When Off-the-Field Exploits Make Major News
|OJ arrested Sept 16-21 2007||13.5|
|Mitchell report Dec 9-14 2007||7.1|
|Woods affair Nov 30-Dec 6 2009||6.4|
|Clemens hearing Feb 11-17 2008||5.1|
|Vick guilty plea Aug 19-24 2007||3.7|
|Bonds perjury Nov 11-16 2007||3.1|
3rd – Rank of the Tiger Woods saga among most-covered sports scandals
For golf great Tiger Woods, an automobile accident in the early morning hours the day after Thanksgiving triggered an almost unimaginable chain of events. In the past few weeks, media reports have linked Woods to about a dozen women—including a reality show personality, a Playboy model, and an adult film actress.
From November 30-December 6, 2009, the mushrooming Woods story filled 6.4% of the newshole, making it the No. 3 sports scandal in weekly coverage since the PEJ began the News Coverage Index in January 2007. And to some degree, that understates the level of attention Woods has received, since the Index tracks the mainstream press and not tabloid or celebrity-oriented media outlets. (The week of December 7-13, the story slipped to 2.8% of the newshole but was still the No. 10 story.)

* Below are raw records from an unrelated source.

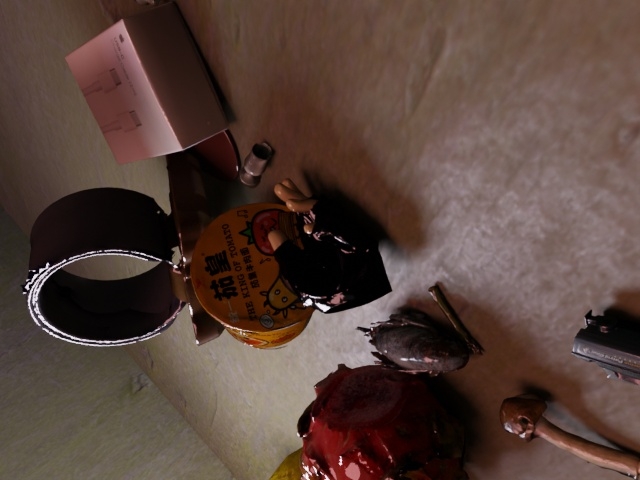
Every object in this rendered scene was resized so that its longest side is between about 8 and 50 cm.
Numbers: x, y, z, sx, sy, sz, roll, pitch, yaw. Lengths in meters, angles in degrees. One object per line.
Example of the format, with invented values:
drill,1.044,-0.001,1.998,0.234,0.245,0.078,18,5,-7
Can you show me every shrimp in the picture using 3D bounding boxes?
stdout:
shrimp,0.120,0.146,0.975,0.233,0.079,0.090,9,94,56

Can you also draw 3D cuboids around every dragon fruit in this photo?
dragon fruit,0.107,0.351,1.055,0.269,0.250,0.290,-1,118,35

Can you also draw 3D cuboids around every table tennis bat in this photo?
table tennis bat,-0.235,-0.193,1.166,0.274,0.021,0.154,31,145,32

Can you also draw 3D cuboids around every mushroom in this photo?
mushroom,0.314,0.241,0.824,0.187,0.061,0.060,19,152,29

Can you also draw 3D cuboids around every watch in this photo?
watch,-0.358,0.028,1.199,0.335,0.327,0.314,95,161,-49

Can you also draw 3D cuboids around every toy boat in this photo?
toy boat,0.321,0.113,0.647,0.141,0.055,0.060,14,126,49

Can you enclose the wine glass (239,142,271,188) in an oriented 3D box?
wine glass,-0.099,-0.116,1.029,0.039,0.042,0.083,25,151,-10

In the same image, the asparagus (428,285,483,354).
asparagus,0.181,0.109,0.897,0.114,0.014,0.015,54,169,-5

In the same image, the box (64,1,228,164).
box,-0.281,-0.241,1.069,0.252,0.106,0.203,0,117,50

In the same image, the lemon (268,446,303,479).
lemon,0.038,0.547,1.320,0.336,0.336,0.336,37,148,27

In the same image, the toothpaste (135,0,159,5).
toothpaste,-0.307,-0.406,1.013,0.197,0.035,0.057,41,134,23

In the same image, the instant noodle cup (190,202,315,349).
instant noodle cup,-0.091,0.071,1.075,0.216,0.216,0.172,43,160,17

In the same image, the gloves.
gloves,0.000,0.000,0.943,0.164,0.124,0.203,-27,73,33

But the Woods saga was no match for the coverage generated by ex-football star O.J. Simpson. On September 16, 2007 Simpson was arrested for armed robbery and kidnapping during an attempt to reclaim sports memorabilia at a Las Vegas hotel, a crime of which he was convicted. That story accounted for 13.5% of the newshole from September 16-21, 2007, marking the single biggest week of coverage for any sports-related scandal.
The-next-biggest story was the release of the so-called Mitchell Report, a 400-page investigation into of the use of illegal performance-enhancing substances in major league baseball that identified 89 players who allegedly used those substances. That event filled 7.1% of the newshole from December 9-14, 2007.
Two other steroid-related stories registered among the top sports scandals in the past three years. When retired pitching great Roger Clemens went before Congress and denied using performance enhancing drugs, that story accounted for 5.1% of the coverage from February 11-17, 2008. And the November 15, 2007 indictment of home run king Barry Bonds for perjury before a grand jury investigating steroid use filled 3.1% of the newshole from November 11-16, 2007.
The fifth-biggest sports scandal was NFL quarterback Michael Vick’s guilty plea to dog fighting charges on August 20, 2007, a crime for which he spent 19 months in prison. Coverage of Vick, who has now embarked on a comeback with the Philadelphia Eagles, filled 3.7% of the overall newshole from August 19-24, 2007.